WORDS FROM W.W. January 31, 2013
The church is a very unique people. It is not confined to a building, although most people still usually identify it as a building. It is not defined by its preaching, although proclamation is at the core of who it is. It conveys grace and forgiveness, and yet urges ongoing transformation.
The church also has an unsettling tension about it, for it seeks to minister to people who are dysfunctional in a variety of ways, but it needs functional people to keep it focused, effective, and missional. In other words, the church is about helping people get it together, and yet it requires people who have it together to keep it healthy.
It is true that we are all dysfunctional in some way. “Falling short” is a nice way of saying dysfunctional. My dysfunction might be one easily diagnosed, or it may very well be one that I keep hidden to myself. The dysfunction might be in fractured families or recovering addicts, but it could also be in my tendency to lust after money, sex, and power; or the bitterness in my spirit towards someone who has wronged me. All of us are dysfunctional in some way.
The church, however, is the only group of people besides AA that intentionally invites dysfunctional people to come and find healing, hope, peace, and purpose. And yet, if there are not “healed people” who are functioning well as a part of the church the result can be like a lifeboat whose passengers are all rowing in different directions. There is a lot of splashing going on, but no movement. There is a lot of “wanting” evident, but also increasing frustration.
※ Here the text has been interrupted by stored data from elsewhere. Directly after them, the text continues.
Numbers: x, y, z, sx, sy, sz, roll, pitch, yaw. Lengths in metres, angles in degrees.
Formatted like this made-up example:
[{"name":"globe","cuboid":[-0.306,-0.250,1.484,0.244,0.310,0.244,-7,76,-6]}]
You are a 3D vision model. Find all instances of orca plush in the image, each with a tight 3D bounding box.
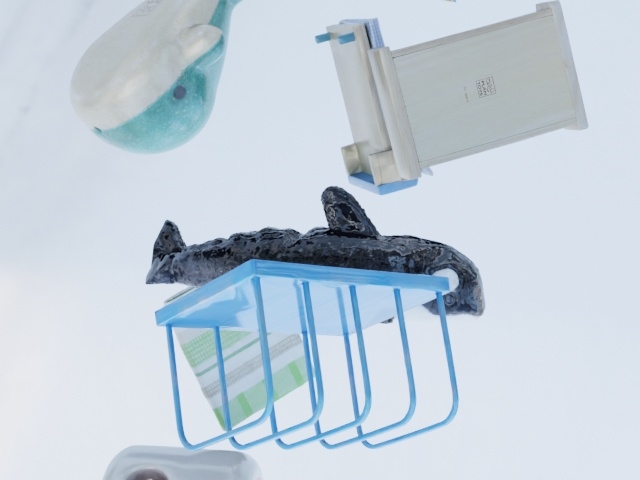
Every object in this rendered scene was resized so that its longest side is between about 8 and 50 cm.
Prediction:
[{"name":"orca plush","cuboid":[0.000,0.000,1.258,0.151,0.287,0.102,-20,118,-71]}]

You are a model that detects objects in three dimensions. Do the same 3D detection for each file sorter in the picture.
[{"name":"file sorter","cuboid":[-0.005,0.084,1.005,0.170,0.118,0.104,5,69,-38]}]

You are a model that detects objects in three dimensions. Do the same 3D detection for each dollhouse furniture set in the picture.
[{"name":"dollhouse furniture set","cuboid":[0.119,-0.213,1.623,0.198,0.303,0.286,-16,100,-12]}]

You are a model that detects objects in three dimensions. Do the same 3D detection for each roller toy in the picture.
[{"name":"roller toy","cuboid":[-0.119,0.282,1.318,0.146,0.209,0.191,2,102,6]}]

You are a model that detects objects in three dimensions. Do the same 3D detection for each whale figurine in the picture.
[{"name":"whale figurine","cuboid":[-0.161,-0.212,1.697,0.141,0.216,0.272,49,66,-28]}]

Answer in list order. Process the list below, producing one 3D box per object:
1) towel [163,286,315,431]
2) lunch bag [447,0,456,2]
[{"name":"towel","cuboid":[-0.077,0.096,1.418,0.113,0.023,0.152,-29,116,-15]},{"name":"lunch bag","cuboid":[0.134,-0.329,1.730,0.053,0.071,0.083,-70,166,-53]}]
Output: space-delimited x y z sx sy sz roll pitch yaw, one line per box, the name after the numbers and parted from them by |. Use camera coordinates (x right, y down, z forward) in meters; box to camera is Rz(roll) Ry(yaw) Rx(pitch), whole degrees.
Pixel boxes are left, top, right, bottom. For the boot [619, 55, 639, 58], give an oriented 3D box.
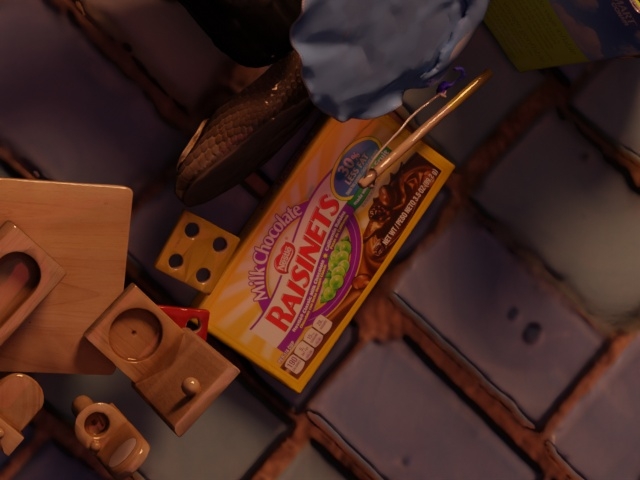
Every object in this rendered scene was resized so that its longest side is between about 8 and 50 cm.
0.188 -0.264 1.283 0.112 0.115 0.305 -37 108 -8 | boot

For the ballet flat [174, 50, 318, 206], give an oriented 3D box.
-0.018 -0.122 1.264 0.058 0.084 0.250 44 81 8 | ballet flat

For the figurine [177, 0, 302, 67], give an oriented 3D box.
-0.051 -0.251 1.167 0.215 0.092 0.209 -53 136 0 | figurine

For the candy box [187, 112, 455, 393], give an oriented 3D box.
0.000 0.000 1.312 0.105 0.027 0.206 35 87 -18 | candy box

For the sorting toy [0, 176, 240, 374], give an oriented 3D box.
-0.195 0.022 1.237 0.274 0.046 0.132 3 99 -19 | sorting toy

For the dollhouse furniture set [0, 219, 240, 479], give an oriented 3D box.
-0.168 0.077 1.164 0.144 0.123 0.151 -47 111 -6 | dollhouse furniture set

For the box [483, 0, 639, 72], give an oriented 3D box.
0.176 -0.176 1.258 0.042 0.178 0.109 -47 112 -23 | box

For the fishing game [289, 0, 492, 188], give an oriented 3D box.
0.047 -0.169 1.208 0.189 0.041 0.264 -45 142 -15 | fishing game
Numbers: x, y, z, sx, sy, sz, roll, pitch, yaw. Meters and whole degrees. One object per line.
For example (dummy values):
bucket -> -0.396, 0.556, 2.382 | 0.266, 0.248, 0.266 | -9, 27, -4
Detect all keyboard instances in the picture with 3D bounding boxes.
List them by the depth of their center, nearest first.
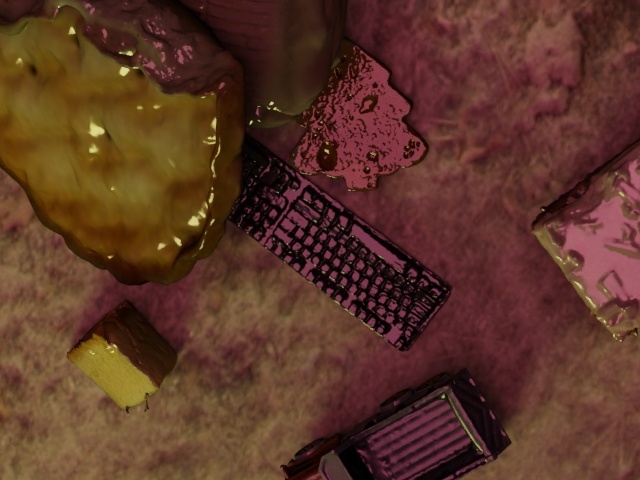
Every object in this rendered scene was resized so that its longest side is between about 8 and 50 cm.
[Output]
keyboard -> 0.000, 0.000, 1.602 | 0.231, 0.023, 0.072 | 37, 102, 2

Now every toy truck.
toy truck -> 0.059, 0.181, 1.587 | 0.192, 0.092, 0.083 | -30, 94, 15

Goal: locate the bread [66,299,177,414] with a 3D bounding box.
bread -> -0.173, 0.111, 1.613 | 0.084, 0.109, 0.080 | 45, 101, -4

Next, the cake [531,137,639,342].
cake -> 0.252, -0.004, 1.489 | 0.135, 0.147, 0.134 | -38, 92, 13

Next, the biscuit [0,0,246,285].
biscuit -> -0.188, -0.123, 1.518 | 0.335, 0.078, 0.329 | 49, 143, 3

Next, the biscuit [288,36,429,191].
biscuit -> 0.029, -0.105, 1.579 | 0.119, 0.019, 0.129 | -3, 100, 12

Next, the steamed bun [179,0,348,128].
steamed bun -> -0.063, -0.200, 1.519 | 0.211, 0.144, 0.218 | 17, 122, 32
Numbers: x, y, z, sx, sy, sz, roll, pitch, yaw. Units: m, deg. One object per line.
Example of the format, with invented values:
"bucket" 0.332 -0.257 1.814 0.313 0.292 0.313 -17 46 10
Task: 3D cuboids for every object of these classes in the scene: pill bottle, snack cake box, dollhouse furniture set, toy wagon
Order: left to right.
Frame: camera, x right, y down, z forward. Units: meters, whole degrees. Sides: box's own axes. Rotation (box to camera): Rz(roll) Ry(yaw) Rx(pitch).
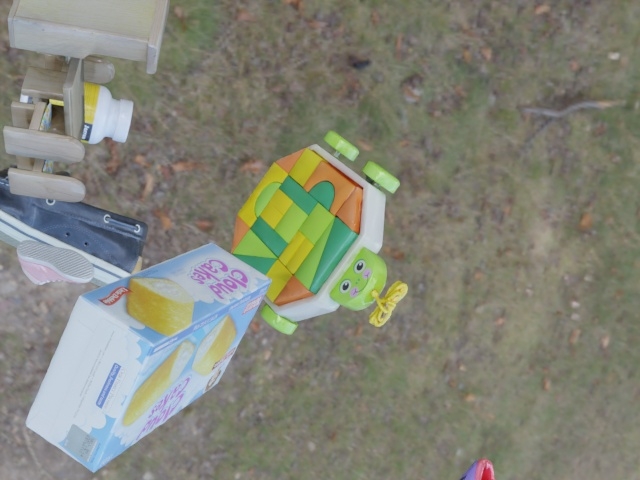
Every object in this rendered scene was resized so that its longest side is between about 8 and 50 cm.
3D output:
"pill bottle" -0.421 -0.224 1.698 0.184 0.103 0.103 11 97 -16
"dollhouse furniture set" -0.274 -0.193 1.184 0.242 0.161 0.212 107 -11 -53
"snack cake box" -0.166 0.108 1.011 0.152 0.089 0.264 -64 167 20
"toy wagon" 0.000 0.000 1.379 0.068 0.344 0.267 30 98 -38

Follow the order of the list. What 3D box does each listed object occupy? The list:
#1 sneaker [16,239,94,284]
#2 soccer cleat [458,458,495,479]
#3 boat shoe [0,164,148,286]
"sneaker" -0.441 0.048 1.651 0.070 0.134 0.051 108 2 -51
"soccer cleat" 0.250 0.332 0.954 0.108 0.318 0.116 19 97 -56
"boat shoe" -0.528 -0.069 1.779 0.500 0.187 0.156 30 77 -28
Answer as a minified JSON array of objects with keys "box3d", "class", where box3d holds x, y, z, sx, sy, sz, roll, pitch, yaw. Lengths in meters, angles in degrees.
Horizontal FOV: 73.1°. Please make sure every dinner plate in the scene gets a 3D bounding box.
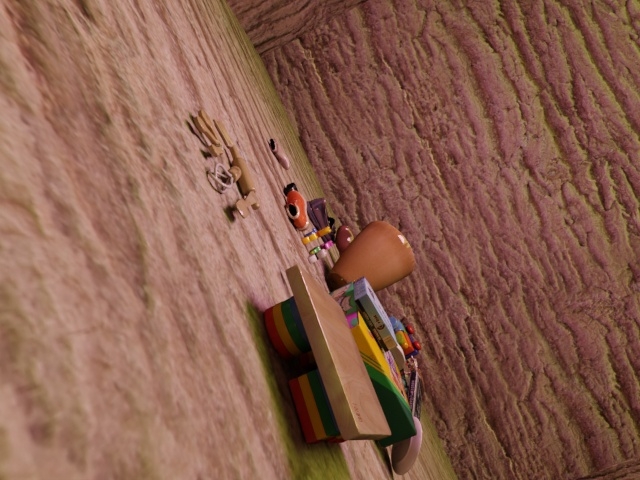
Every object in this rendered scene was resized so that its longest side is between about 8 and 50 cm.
[{"box3d":[0.208,0.508,1.079,0.017,0.141,0.141,26,13,-6],"class":"dinner plate"}]

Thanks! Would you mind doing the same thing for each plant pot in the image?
[{"box3d":[0.157,0.091,1.517,0.237,0.254,0.237,39,-33,31],"class":"plant pot"}]

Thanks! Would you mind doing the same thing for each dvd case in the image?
[{"box3d":[0.352,0.632,1.621,0.238,0.030,0.179,71,27,-42],"class":"dvd case"}]

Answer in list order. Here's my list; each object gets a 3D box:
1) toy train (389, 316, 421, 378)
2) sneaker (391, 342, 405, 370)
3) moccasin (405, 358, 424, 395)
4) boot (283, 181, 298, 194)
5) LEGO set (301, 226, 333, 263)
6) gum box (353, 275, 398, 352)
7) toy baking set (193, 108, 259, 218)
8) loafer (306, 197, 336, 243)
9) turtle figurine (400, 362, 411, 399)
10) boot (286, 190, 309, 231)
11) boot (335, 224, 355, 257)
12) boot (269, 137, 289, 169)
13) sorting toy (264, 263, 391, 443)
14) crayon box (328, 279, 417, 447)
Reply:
[{"box3d":[0.351,0.442,1.812,0.143,0.105,0.248,47,17,-38],"class":"toy train"},{"box3d":[0.203,0.341,1.561,0.148,0.131,0.350,-98,162,-55],"class":"sneaker"},{"box3d":[0.404,0.619,2.167,0.380,0.139,0.147,55,16,-4],"class":"moccasin"},{"box3d":[-0.087,-0.147,1.507,0.121,0.045,0.099,-94,161,-74],"class":"boot"},{"box3d":[0.000,0.000,1.407,0.087,0.093,0.227,64,7,-6],"class":"LEGO set"},{"box3d":[0.143,0.190,1.155,0.157,0.041,0.184,59,7,-6],"class":"gum box"},{"box3d":[-0.177,-0.136,0.829,0.256,0.030,0.197,66,10,15],"class":"toy baking set"},{"box3d":[0.026,-0.077,1.888,0.302,0.095,0.109,56,11,-51],"class":"loafer"},{"box3d":[0.304,0.545,1.706,0.175,0.118,0.234,53,20,-32],"class":"turtle figurine"},{"box3d":[-0.081,-0.111,1.363,0.084,0.059,0.157,48,18,-52],"class":"boot"},{"box3d":[0.128,0.062,1.796,0.280,0.096,0.264,173,-82,-83],"class":"boot"},{"box3d":[-0.161,-0.334,1.655,0.118,0.042,0.087,65,13,17],"class":"boot"},{"box3d":[0.006,0.204,0.709,0.255,0.089,0.257,68,8,29],"class":"sorting toy"},{"box3d":[0.127,0.311,1.183,0.313,0.106,0.363,63,7,-9],"class":"crayon box"}]
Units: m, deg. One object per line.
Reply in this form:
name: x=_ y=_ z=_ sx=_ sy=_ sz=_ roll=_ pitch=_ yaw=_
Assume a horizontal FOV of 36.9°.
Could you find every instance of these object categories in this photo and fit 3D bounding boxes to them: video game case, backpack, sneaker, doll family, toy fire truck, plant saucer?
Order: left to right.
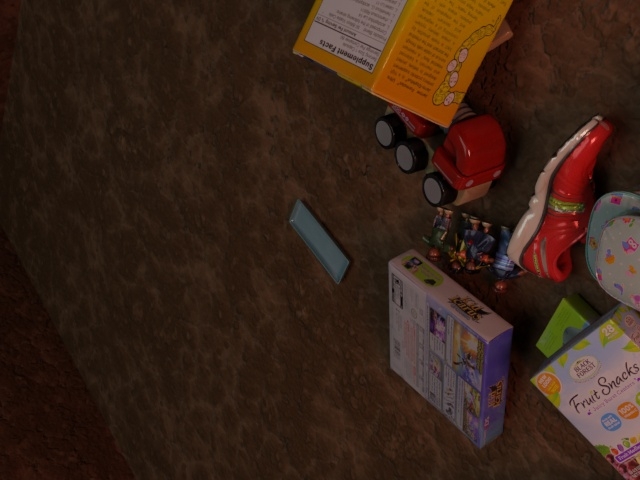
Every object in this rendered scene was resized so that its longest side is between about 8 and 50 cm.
plant saucer: x=0.000 y=0.000 z=1.957 sx=0.192 sy=0.018 sz=0.067 roll=51 pitch=136 yaw=30
video game case: x=0.215 y=0.184 z=1.633 sx=0.244 sy=0.061 sz=0.269 roll=41 pitch=148 yaw=40
toy fire truck: x=0.224 y=-0.211 z=1.518 sx=0.217 sy=0.159 sz=0.246 roll=54 pitch=148 yaw=29
doll family: x=0.253 y=0.019 z=1.581 sx=0.193 sy=0.076 sz=0.111 roll=24 pitch=104 yaw=50
sneaker: x=0.376 y=-0.057 z=1.404 sx=0.118 sy=0.107 sz=0.279 roll=33 pitch=130 yaw=21
backpack: x=0.443 y=0.011 z=1.277 sx=0.188 sy=0.144 sz=0.165 roll=30 pitch=128 yaw=48

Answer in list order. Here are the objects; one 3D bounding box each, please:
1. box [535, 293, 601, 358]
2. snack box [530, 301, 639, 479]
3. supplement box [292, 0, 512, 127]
box: x=0.415 y=0.179 z=1.444 sx=0.178 sy=0.042 sz=0.109 roll=49 pitch=135 yaw=34
snack box: x=0.430 y=0.215 z=1.347 sx=0.207 sy=0.070 sz=0.174 roll=47 pitch=131 yaw=8
supplement box: x=0.151 y=-0.379 z=1.407 sx=0.194 sy=0.195 sz=0.356 roll=36 pitch=104 yaw=42
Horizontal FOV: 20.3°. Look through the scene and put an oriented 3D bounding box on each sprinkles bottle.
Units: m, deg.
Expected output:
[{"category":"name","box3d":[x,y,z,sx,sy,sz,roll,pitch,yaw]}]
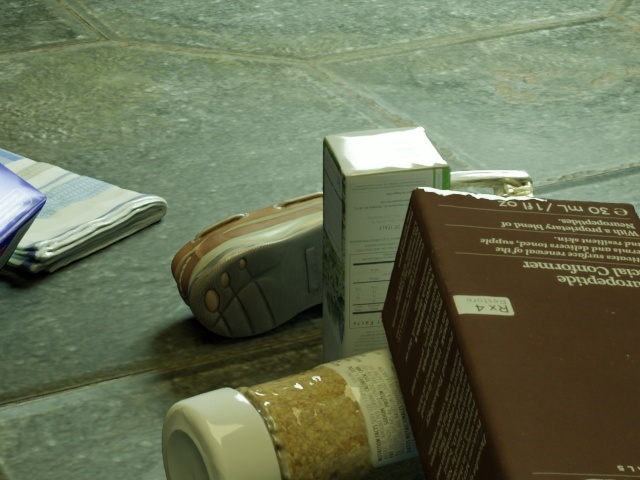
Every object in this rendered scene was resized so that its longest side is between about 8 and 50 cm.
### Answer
[{"category":"sprinkles bottle","box3d":[0.052,0.146,1.462,0.355,0.121,0.121,-14,28,-27]}]

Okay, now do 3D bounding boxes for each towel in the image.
[{"category":"towel","box3d":[-0.334,-0.042,1.969,0.285,0.034,0.209,18,30,34]}]

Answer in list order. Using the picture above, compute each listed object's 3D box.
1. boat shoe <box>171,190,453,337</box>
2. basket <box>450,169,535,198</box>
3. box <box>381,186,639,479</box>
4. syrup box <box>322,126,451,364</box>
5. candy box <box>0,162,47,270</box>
[{"category":"boat shoe","box3d":[0.000,0.000,1.784,0.324,0.123,0.116,-12,25,-28]},{"category":"basket","box3d":[0.147,0.030,1.669,0.113,0.167,0.103,-3,32,-7]},{"category":"box","box3d":[0.172,0.119,1.289,0.191,0.143,0.381,4,35,-13]},{"category":"syrup box","box3d":[0.056,0.028,1.580,0.096,0.236,0.093,-6,26,-10]},{"category":"candy box","box3d":[-0.458,-0.054,1.700,0.317,0.122,0.268,38,24,-1]}]
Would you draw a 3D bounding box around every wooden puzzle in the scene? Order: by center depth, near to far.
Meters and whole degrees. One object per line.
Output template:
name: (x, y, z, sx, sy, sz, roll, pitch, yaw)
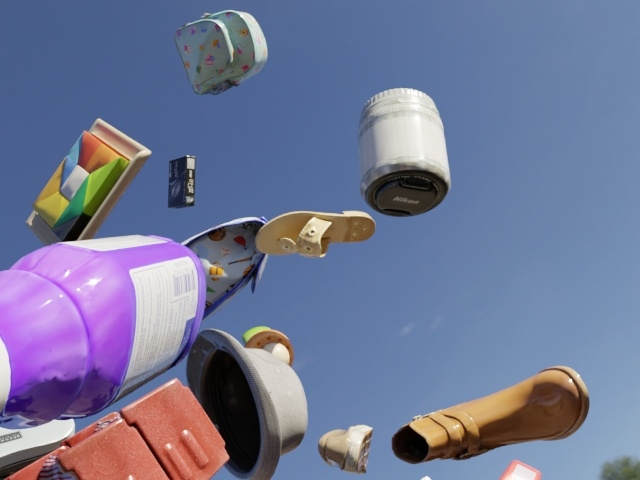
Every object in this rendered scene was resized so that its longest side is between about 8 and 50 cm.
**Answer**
wooden puzzle: (-0.385, -0.085, 1.064, 0.044, 0.239, 0.220, 36, -93, -41)

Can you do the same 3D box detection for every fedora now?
fedora: (-0.116, 0.277, 1.158, 0.124, 0.275, 0.243, -7, -46, -38)

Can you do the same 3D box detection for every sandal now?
sandal: (0.000, -0.006, 1.269, 0.240, 0.079, 0.088, -8, -62, -15)

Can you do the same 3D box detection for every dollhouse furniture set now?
dollhouse furniture set: (-0.151, 0.355, 0.720, 0.152, 0.374, 0.201, -33, -2, -45)

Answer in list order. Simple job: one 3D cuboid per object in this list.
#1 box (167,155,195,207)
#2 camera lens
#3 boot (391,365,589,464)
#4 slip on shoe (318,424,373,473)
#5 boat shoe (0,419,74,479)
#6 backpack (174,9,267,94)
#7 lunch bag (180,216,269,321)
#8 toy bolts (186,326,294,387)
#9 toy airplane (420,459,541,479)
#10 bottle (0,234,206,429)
box: (-0.235, -0.098, 1.122, 0.018, 0.067, 0.083, 3, -93, -38)
camera lens: (0.205, -0.213, 1.663, 0.220, 0.274, 0.219, 0, -30, 0)
boot: (0.255, 0.279, 1.036, 0.220, 0.108, 0.283, -4, -19, -26)
slip on shoe: (0.028, 0.215, 0.683, 0.135, 0.041, 0.051, 51, -132, -74)
boat shoe: (-0.598, 0.393, 1.181, 0.306, 0.113, 0.104, -11, -54, -40)
backpack: (-0.221, -0.427, 1.489, 0.189, 0.165, 0.144, -18, 4, 14)
lunch bag: (-0.294, 0.074, 1.930, 0.385, 0.239, 0.328, -39, 4, -3)
toy bolts: (-0.135, 0.307, 1.304, 0.218, 0.228, 0.158, -20, 4, -15)
toy airplane: (0.320, 0.640, 1.312, 0.387, 0.384, 0.272, -11, -41, -5)
bottle: (-0.166, 0.060, 0.454, 0.283, 0.092, 0.118, -21, -58, -79)
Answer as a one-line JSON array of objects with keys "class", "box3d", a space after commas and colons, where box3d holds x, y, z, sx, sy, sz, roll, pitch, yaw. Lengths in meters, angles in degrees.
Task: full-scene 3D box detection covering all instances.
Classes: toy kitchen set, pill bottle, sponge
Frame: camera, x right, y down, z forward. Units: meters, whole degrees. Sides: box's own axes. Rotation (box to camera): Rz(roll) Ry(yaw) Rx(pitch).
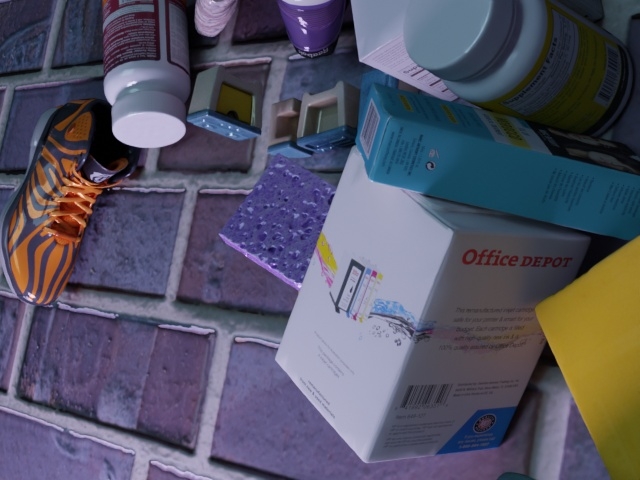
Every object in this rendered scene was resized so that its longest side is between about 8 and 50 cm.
[{"class": "toy kitchen set", "box3d": [-0.023, -0.133, 1.238, 0.207, 0.166, 0.122, -11, 69, 45]}, {"class": "pill bottle", "box3d": [0.180, -0.169, 1.001, 0.119, 0.209, 0.119, -18, 64, 43]}, {"class": "pill bottle", "box3d": [-0.244, -0.250, 1.547, 0.121, 0.121, 0.221, -26, 60, 40]}, {"class": "sponge", "box3d": [0.000, 0.000, 1.194, 0.210, 0.031, 0.117, 32, 79, 27]}]

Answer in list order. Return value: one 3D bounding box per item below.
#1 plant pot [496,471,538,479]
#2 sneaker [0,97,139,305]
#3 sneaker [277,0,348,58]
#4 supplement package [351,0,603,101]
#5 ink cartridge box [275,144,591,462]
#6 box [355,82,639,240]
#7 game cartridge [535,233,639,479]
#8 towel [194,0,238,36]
[{"class": "plant pot", "box3d": [0.135, 0.327, 0.838, 0.255, 0.271, 0.272, -49, 40, -15]}, {"class": "sneaker", "box3d": [-0.367, -0.064, 1.617, 0.180, 0.125, 0.321, -5, 74, 47]}, {"class": "sneaker", "box3d": [-0.008, -0.335, 1.335, 0.107, 0.124, 0.283, 3, 49, 9]}, {"class": "supplement package", "box3d": [0.143, -0.315, 1.137, 0.204, 0.145, 0.261, -27, 58, 39]}, {"class": "ink cartridge box", "box3d": [0.098, 0.055, 1.013, 0.168, 0.171, 0.232, 43, 121, 46]}, {"class": "box", "box3d": [0.158, -0.068, 0.949, 0.100, 0.244, 0.060, -103, 27, -65]}, {"class": "game cartridge", "box3d": [0.326, 0.102, 0.797, 0.324, 0.053, 0.285, -44, 61, 48]}, {"class": "towel", "box3d": [-0.090, -0.420, 1.375, 0.332, 0.054, 0.316, -154, 82, -82]}]
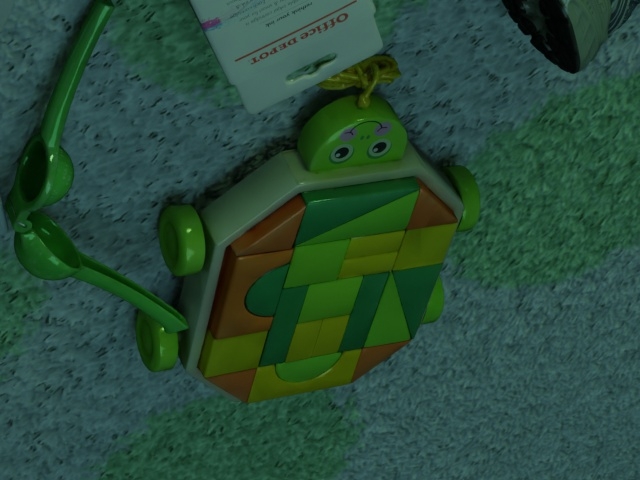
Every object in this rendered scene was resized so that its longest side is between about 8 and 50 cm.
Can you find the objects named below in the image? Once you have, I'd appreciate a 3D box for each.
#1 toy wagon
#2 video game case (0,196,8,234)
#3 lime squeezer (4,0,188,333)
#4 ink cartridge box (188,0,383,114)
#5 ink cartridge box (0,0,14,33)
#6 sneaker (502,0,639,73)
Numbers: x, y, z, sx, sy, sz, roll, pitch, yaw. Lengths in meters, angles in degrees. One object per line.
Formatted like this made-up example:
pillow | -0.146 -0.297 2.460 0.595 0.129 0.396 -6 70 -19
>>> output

It reminds me of the early church situation In Jerusalem where a certain group of widows were being excluded in the daily distribution of food (Acts 6:1-7). The first church adjusted and put seven men in place to make sure the function of providing for the women was taken care of. It presented itself as a possible major fracture in the church, based on a group’s culture, and the church restructured to make sure people in need were included.
People whose lives are in turmoil need a church that has people who have battled through the turmoil. And yet the church can not be so “all that”, as they say, that it conveys a sense of arrogance. It can’t convey messages like diet businesses do where they show the before and after pictures of its clients. Broken people need healing, but they will always be under construction.
Like I said, the church is a very unique people.